A preliminary stage of this kind is absent in sadism, which from the outset is directed upon an extraneous object, although it might not be altogether unreasonable to construct such a stage out of the child’s efforts to gain control over his own limbs.¹

With regard to both the instincts which we have just taken as examples, it should be remarked that their transformation by a reversal from activity to passivity and by a turning round upon the subject never in fact involves the whole quota of the instinctual impulse. The earlier active direction of the instinct persists to some degree side by side with its later passive direction, even when the process of its transformation has been very extensive.
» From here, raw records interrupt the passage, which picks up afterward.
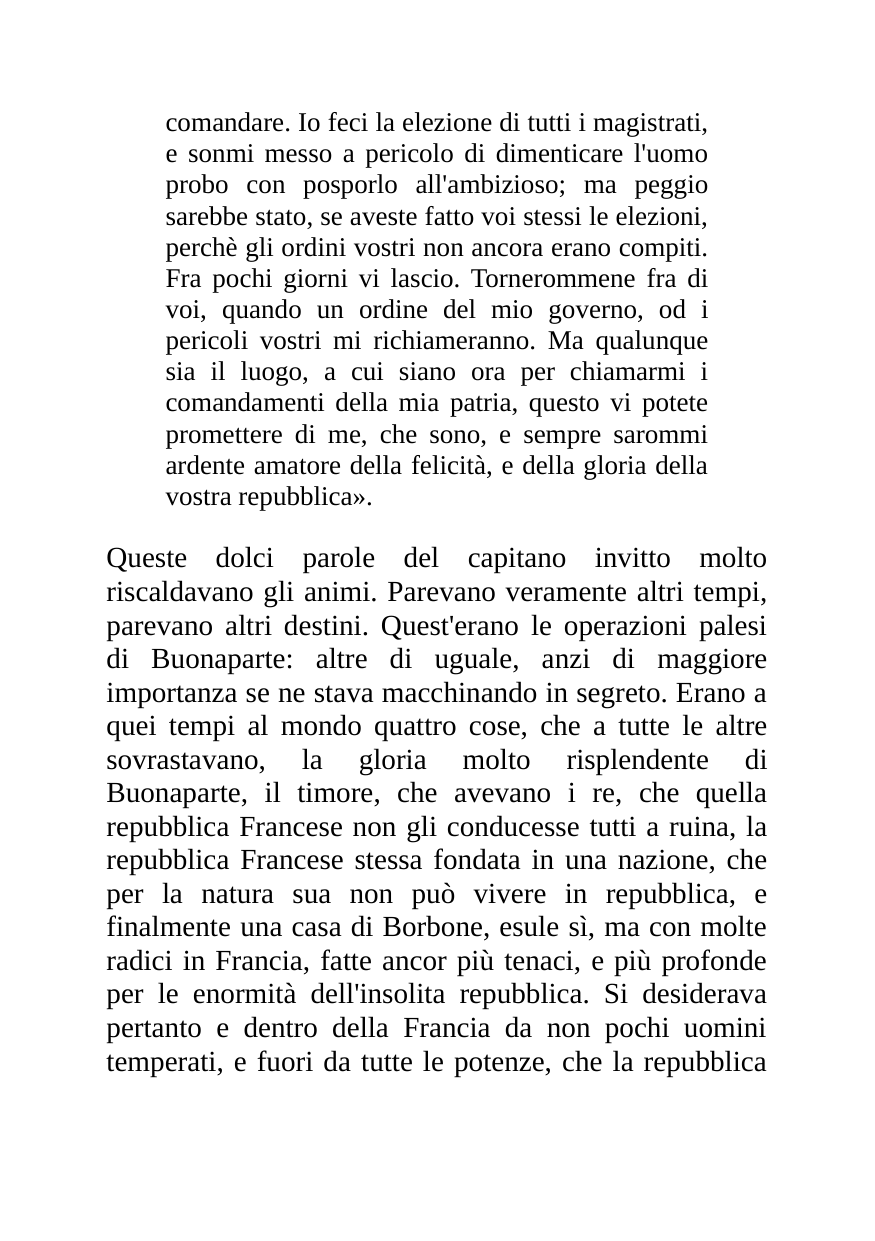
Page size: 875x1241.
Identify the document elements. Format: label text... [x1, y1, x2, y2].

text comandare. Io feci la elezione di tutti i magistrati, e sonmi messo a pericolo di dimenticare l'uomo probo con posporlo all'ambizioso; ma peggio sarebbe stato, se aveste fatto voi stessi le elezioni, perchè gli ordini vostri non ancora erano compiti. Fra pochi giorni vi lascio. Tornerommene fra di voi, quando un ordine del mio governo, od i pericoli vostri mi richiameranno. Ma qualunque sia il luogo, a cui siano ora per chiamarmi i comandamenti della mia patria, questo vi potete promettere di me, che sono, e sempre sarommi ardente amatore della felicità, e della gloria della vostra repubblica». [165, 106, 709, 511]
text Queste dolci parole del capitano invitto molto riscaldavano gli animi. Parevano veramente altri tempi, parevano altri destini. Quest'erano le operazioni palesi di Buonaparte: altre di uguale, anzi di maggiore importanza se ne stava macchinando in segreto. Erano a quei tempi al mondo quattro cose, che a tutte le altre sovrastavano, la gloria molto risplendente di Buonaparte, il timore, che avevano i re, che quella repubblica Francese non gli conducesse tutti a ruina, la repubblica Francese stessa fondata in una nazione, che per la natura sua non può vivere in repubblica, e finalmente una casa di Borbone, esule sì, ma con molte radici in Francia, fatte ancor più tenaci, e più profonde per le enormità dell'insolita repubblica. Si desiderava pertanto e dentro della Francia da non pochi uomini temperati, e fuori da tutte le potenze, che la repubblica [106, 541, 768, 1077]
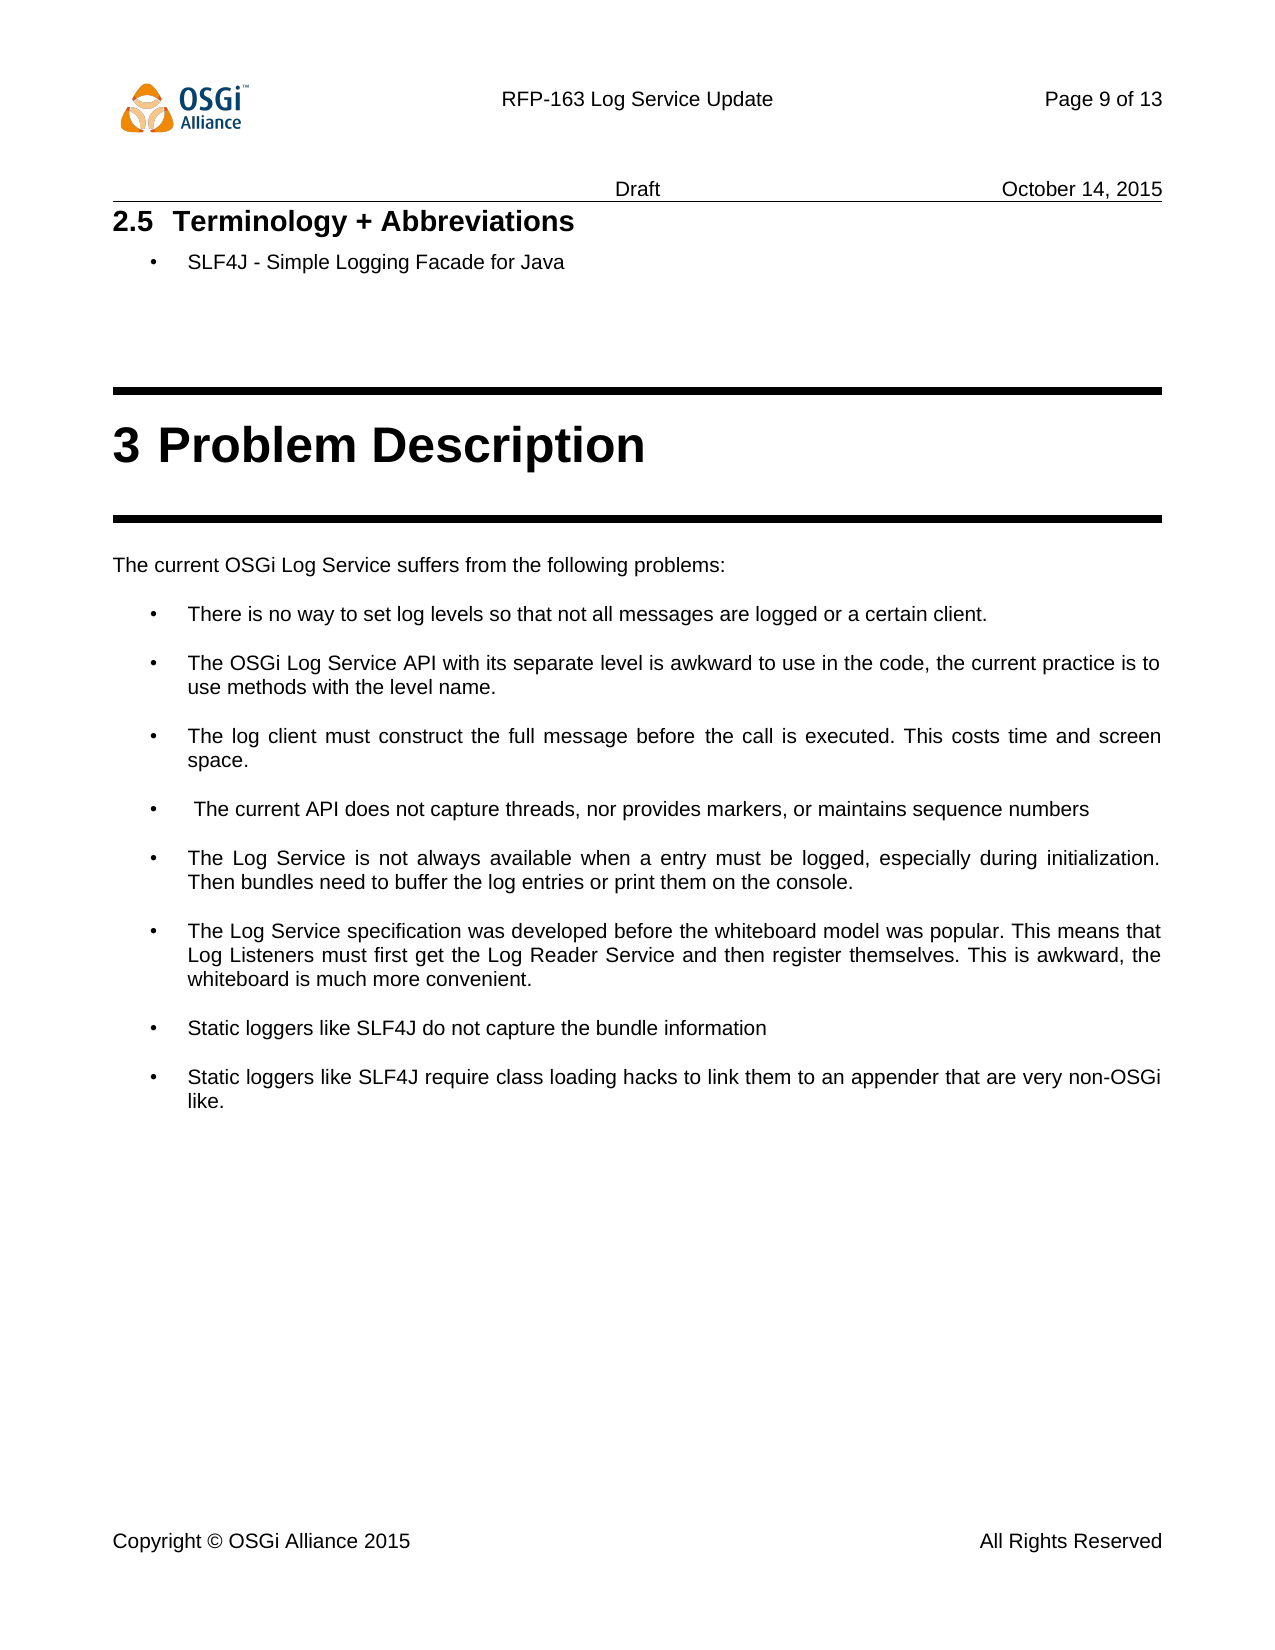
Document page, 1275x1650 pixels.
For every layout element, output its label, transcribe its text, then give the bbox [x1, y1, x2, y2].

list The current API does not capture threads, nor provides markers, or maintains sequence numbers [150, 797, 1162, 821]
list The OSGi Log Service API with its separate level is awkward to use in the code, the current practice is to use methods with the level name. [150, 651, 1162, 698]
picture [113, 76, 257, 140]
list The log client must construct the full message before the call is executed. This costs time and screen space. [150, 723, 1162, 772]
list The Log Service specification was developed before the whiteboard model was popular. This means that Log Listeners must first get the Log Reader Service and then register themselves. This is awkward, the whiteboard is much more convenient. [150, 919, 1162, 991]
list Static loggers like SLF4J require class loading hacks to link them to an appender that are very non-OSGi like. [150, 1065, 1162, 1113]
subtitle Terminology + Abbreviations [112, 202, 1162, 238]
list The Log Service is not always available when a entry must be logged, especially during initialization. Then bundles need to buffer the log entries or print them on the console. [150, 846, 1162, 894]
subtitle Problem Description [112, 388, 1162, 523]
list Static loggers like SLF4J do not capture the bundle information [150, 1016, 1162, 1040]
list SLF4J - Simple Logging Facade for Java [150, 250, 1162, 274]
text The current OSGi Log Service suffers from the following problems: [112, 552, 1162, 576]
list There is no way to set log levels so that not all messages are logged or a certain client. [150, 601, 1162, 626]
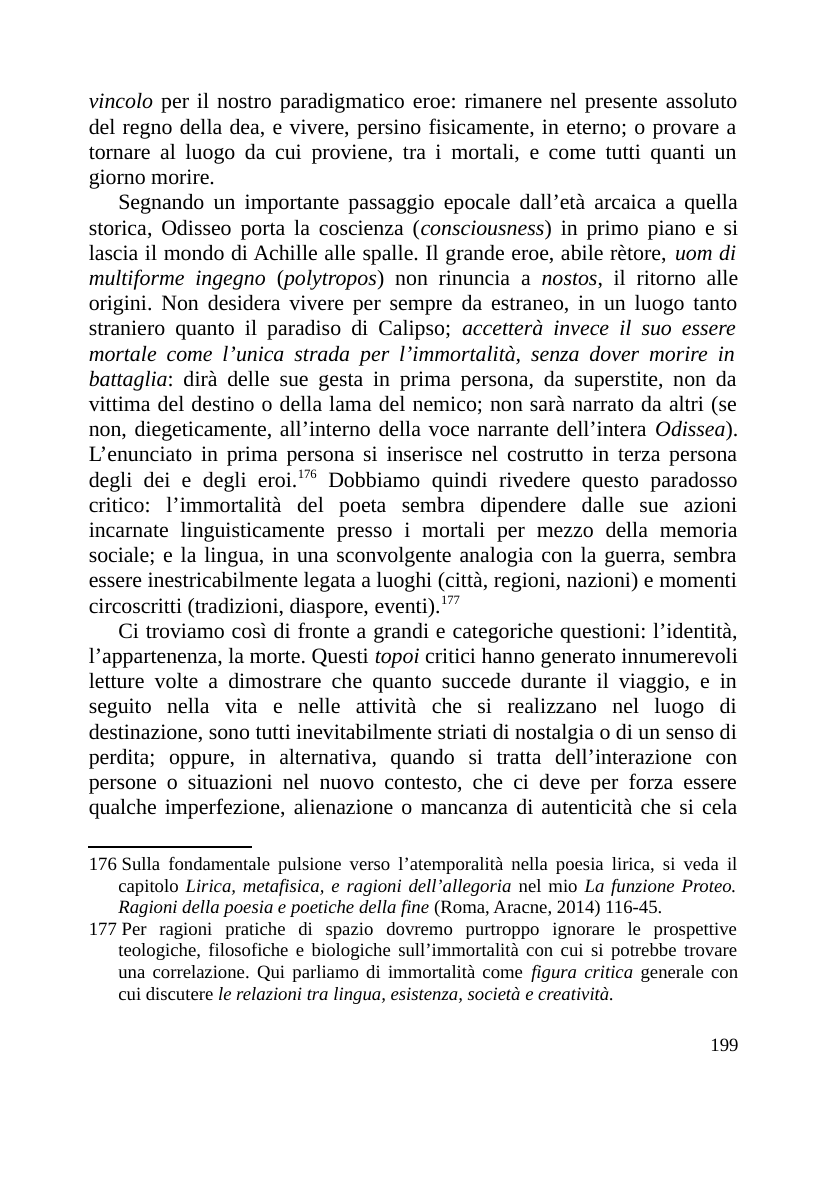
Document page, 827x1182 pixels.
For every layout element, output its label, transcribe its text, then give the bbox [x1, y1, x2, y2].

text vincolo per il nostro paradigmatico eroe: rimanere nel presente assoluto del regno della dea, e vivere, persino fisicamente, in eterno; o provare a tornare al luogo da cui proviene, tra i mortali, e come tutti quanti un giorno morire. [88, 88, 738, 189]
text Ci troviamo così di fronte a grandi e categoriche questioni: l’identità, l’appartenenza, la morte. Questi topoi critici hanno generato innumerevoli letture volte a dimostrare che quanto succede durante il viaggio, e in seguito nella vita e nelle attività che si realizzano nel luogo di destinazione, sono tutti inevitabilmente striati di nostalgia o di un senso di perdita; oppure, in alternativa, quando si tratta dell’interazione con persone o situazioni nel nuovo contesto, che ci deve per forza essere qualche imperfezione, alienazione o mancanza di autenticità che si cela [88, 618, 738, 819]
text Segnando un importante passaggio epocale dall’età arcaica a quella storica, Odisseo porta la coscienza (consciousness) in primo piano e si lascia il mondo di Achille alle spalle. Il grande eroe, abile rètore, uom di multiforme ingegno (polytropos) non rinuncia a nostos, il ritorno alle origini. Non desidera vivere per sempre da estraneo, in un luogo tanto straniero quanto il paradiso di Calipso; accetterà invece il suo essere mortale come l’unica strada per l’immortalità, senza dover morire in battaglia: dirà delle sue gesta in prima persona, da superstite, non da vittima del destino o della lama del nemico; non sarà narrato da altri (se non, diegeticamente, all’interno della voce narrante dell’intera Odissea). L’enunciato in prima persona si inserisce nel costrutto in terza persona degli dei e degli eroi. Dobbiamo quindi rivedere questo paradosso critico: l’immortalità del poeta sembra dipendere dalle sue azioni incarnate linguisticamente presso i mortali per mezzo della memoria sociale; e la lingua, in una sconvolgente analogia con la guerra, sembra essere inestricabilmente legata a luoghi (città, regioni, nazioni) e momenti circoscritti (tradizioni, diaspore, eventi). [88, 189, 738, 618]
text Per ragioni pratiche di spazio dovremo purtroppo ignorare le prospettive teologiche, filosofiche e biologiche sull’immortalità con cui si potrebbe trovare una correlazione. Qui parliamo di immortalità come figura critica generale con cui discutere le relazioni tra lingua, esistenza, società e creatività. [88, 918, 738, 1004]
text Sulla fondamentale pulsione verso l’atemporalità nella poesia lirica, si veda il capitolo Lirica, metafisica, e ragioni dell’allegoria nel mio La funzione Proteo. Ragioni della poesia e poetiche della fine (Roma, Aracne, 2014) 116-45. [88, 853, 738, 918]

The only correct statement to make about the scopophilic instinct would be that all the stages of its development, its auto-erotic, preliminary stage as well as its final active or passive form, co-exist alongside one another; and the truth of this becomes obvious if we base our opinion, not on the actions to which the instinct leads, but on the mechanism of its satisfaction. Perhaps, however, it is permissible to look at the matter and represent it in yet another way. We can divide the life of each instinct into a series of separate successive waves, each of which is homogeneous during whatever period of time it may last, and whose relation to one another is comparable to that of successive eruptions of lava. We can then perhaps picture the first, original eruption of the instinct as proceeding in an unchanged form and undergoing no development at all. The next wave would be modified from the outset -(being turned, for instance, from active to passive - and would then, with this new characteristic, be added to the earlier wave, and so on. If we were then to take a survey of the instinctual impulse from its beginning up to a given point, the succession of waves which we have described would inevitably present the picture of a definite development of the instinct.